- **Data in this exercise**:
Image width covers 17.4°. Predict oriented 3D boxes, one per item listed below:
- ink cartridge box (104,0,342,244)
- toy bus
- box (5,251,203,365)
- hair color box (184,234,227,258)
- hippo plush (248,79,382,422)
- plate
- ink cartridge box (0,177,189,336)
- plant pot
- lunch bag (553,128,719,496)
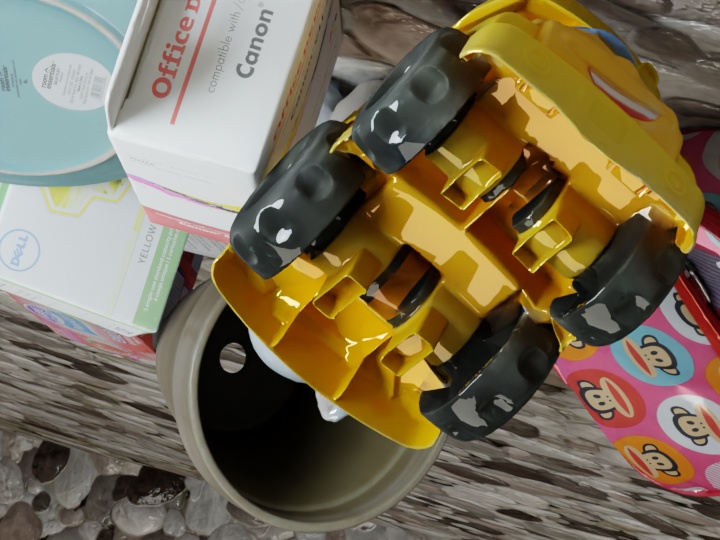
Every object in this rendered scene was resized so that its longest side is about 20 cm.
[{"bbox_3d":[-0.056,-0.088,1.029,0.067,0.117,0.200,16,169,5],"label":"ink cartridge box"},{"bbox_3d":[0.062,-0.049,0.975,0.136,0.192,0.200,42,136,-9],"label":"toy bus"},{"bbox_3d":[-0.183,-0.008,1.663,0.095,0.103,0.200,15,170,11],"label":"box"},{"bbox_3d":[-0.055,-0.037,1.427,0.200,0.061,0.100,14,169,15],"label":"hair color box"},{"bbox_3d":[0.000,0.000,1.260,0.200,0.161,0.159,27,165,-40],"label":"hippo plush"},{"bbox_3d":[-0.170,-0.098,1.153,0.200,0.026,0.200,4,141,3],"label":"plate"},{"bbox_3d":[-0.184,-0.065,1.263,0.200,0.146,0.048,21,168,-20],"label":"ink cartridge box"},{"bbox_3d":[-0.058,0.070,1.634,0.200,0.200,0.173,23,173,-26],"label":"plant pot"},{"bbox_3d":[0.178,0.022,1.156,0.176,0.082,0.200,-8,130,43],"label":"lunch bag"}]

- **Task instructions**: Of the entries above, repeat exactly the lines between the line with "- hair color box (184,234,227,258)" and the line with "- lunch bag (553,128,719,496)", inclusive, and no others.

- **Result of the task**:
- hair color box (184,234,227,258)
- hippo plush (248,79,382,422)
- plate
- ink cartridge box (0,177,189,336)
- plant pot
- lunch bag (553,128,719,496)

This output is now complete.